*Material supplied*.
########################################
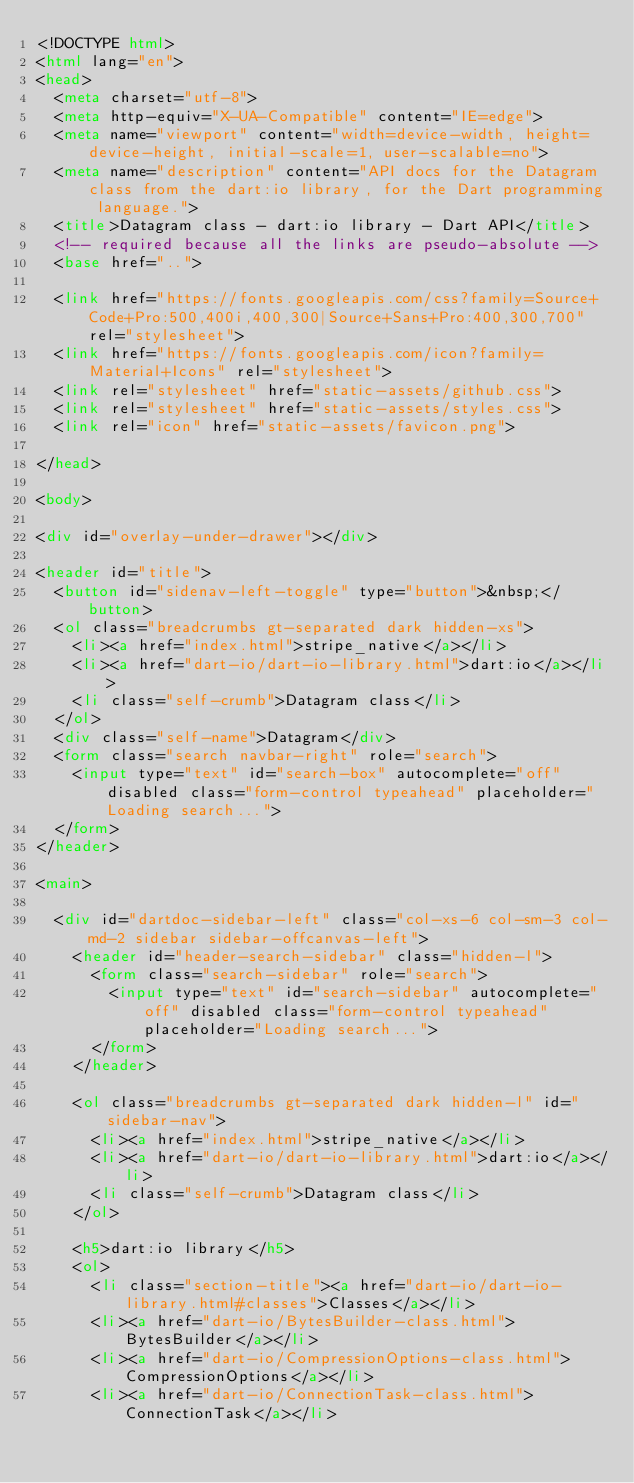<code> <loc_0><loc_0><loc_500><loc_500><_HTML_><!DOCTYPE html>
<html lang="en">
<head>
  <meta charset="utf-8">
  <meta http-equiv="X-UA-Compatible" content="IE=edge">
  <meta name="viewport" content="width=device-width, height=device-height, initial-scale=1, user-scalable=no">
  <meta name="description" content="API docs for the Datagram class from the dart:io library, for the Dart programming language.">
  <title>Datagram class - dart:io library - Dart API</title>
  <!-- required because all the links are pseudo-absolute -->
  <base href="..">

  <link href="https://fonts.googleapis.com/css?family=Source+Code+Pro:500,400i,400,300|Source+Sans+Pro:400,300,700" rel="stylesheet">
  <link href="https://fonts.googleapis.com/icon?family=Material+Icons" rel="stylesheet">
  <link rel="stylesheet" href="static-assets/github.css">
  <link rel="stylesheet" href="static-assets/styles.css">
  <link rel="icon" href="static-assets/favicon.png">
  
</head>

<body>

<div id="overlay-under-drawer"></div>

<header id="title">
  <button id="sidenav-left-toggle" type="button">&nbsp;</button>
  <ol class="breadcrumbs gt-separated dark hidden-xs">
    <li><a href="index.html">stripe_native</a></li>
    <li><a href="dart-io/dart-io-library.html">dart:io</a></li>
    <li class="self-crumb">Datagram class</li>
  </ol>
  <div class="self-name">Datagram</div>
  <form class="search navbar-right" role="search">
    <input type="text" id="search-box" autocomplete="off" disabled class="form-control typeahead" placeholder="Loading search...">
  </form>
</header>

<main>

  <div id="dartdoc-sidebar-left" class="col-xs-6 col-sm-3 col-md-2 sidebar sidebar-offcanvas-left">
    <header id="header-search-sidebar" class="hidden-l">
      <form class="search-sidebar" role="search">
        <input type="text" id="search-sidebar" autocomplete="off" disabled class="form-control typeahead" placeholder="Loading search...">
      </form>
    </header>
    
    <ol class="breadcrumbs gt-separated dark hidden-l" id="sidebar-nav">
      <li><a href="index.html">stripe_native</a></li>
      <li><a href="dart-io/dart-io-library.html">dart:io</a></li>
      <li class="self-crumb">Datagram class</li>
    </ol>
    
    <h5>dart:io library</h5>
    <ol>
      <li class="section-title"><a href="dart-io/dart-io-library.html#classes">Classes</a></li>
      <li><a href="dart-io/BytesBuilder-class.html">BytesBuilder</a></li>
      <li><a href="dart-io/CompressionOptions-class.html">CompressionOptions</a></li>
      <li><a href="dart-io/ConnectionTask-class.html">ConnectionTask</a></li></code> 
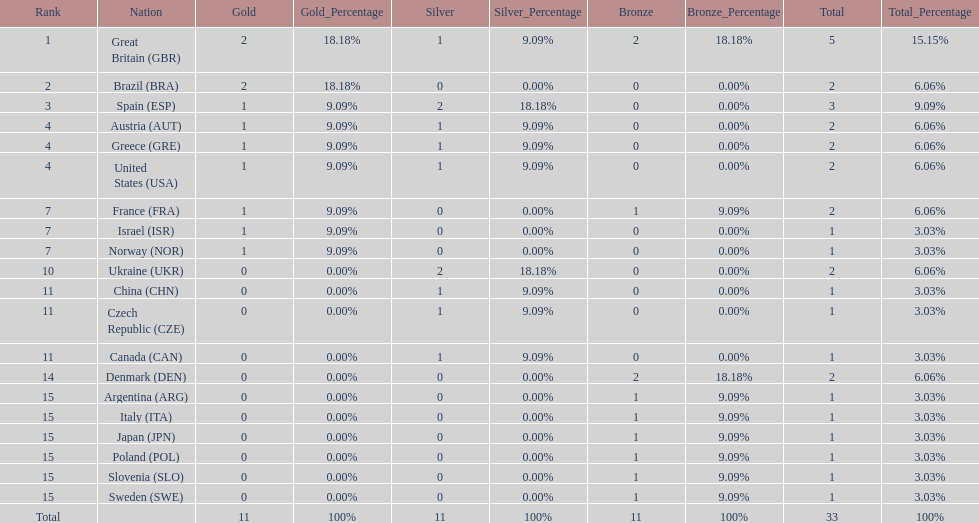How many countries won at least 2 medals in sailing? 9. 
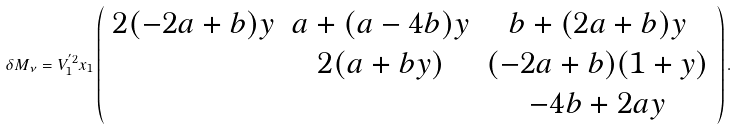Convert formula to latex. <formula><loc_0><loc_0><loc_500><loc_500>\delta M _ { \nu } = V _ { 1 } ^ { ^ { \prime } 2 } x _ { 1 } \left ( \begin{array} { c c c } 2 ( - 2 a + b ) y & a + ( a - 4 b ) y & b + ( 2 a + b ) y \\ & 2 ( a + b y ) & ( - 2 a + b ) ( 1 + y ) \\ & & - 4 b + 2 a y \end{array} \right ) .</formula>
########################################
Scan the lines above for "https", then copy every one that has it.

*Your solution*.
  <link href="https://fonts.googleapis.com/css?family=Source+Code+Pro:500,400i,400,300|Source+Sans+Pro:400,300,700" rel="stylesheet">
  <link href="https://fonts.googleapis.com/icon?family=Material+Icons" rel="stylesheet">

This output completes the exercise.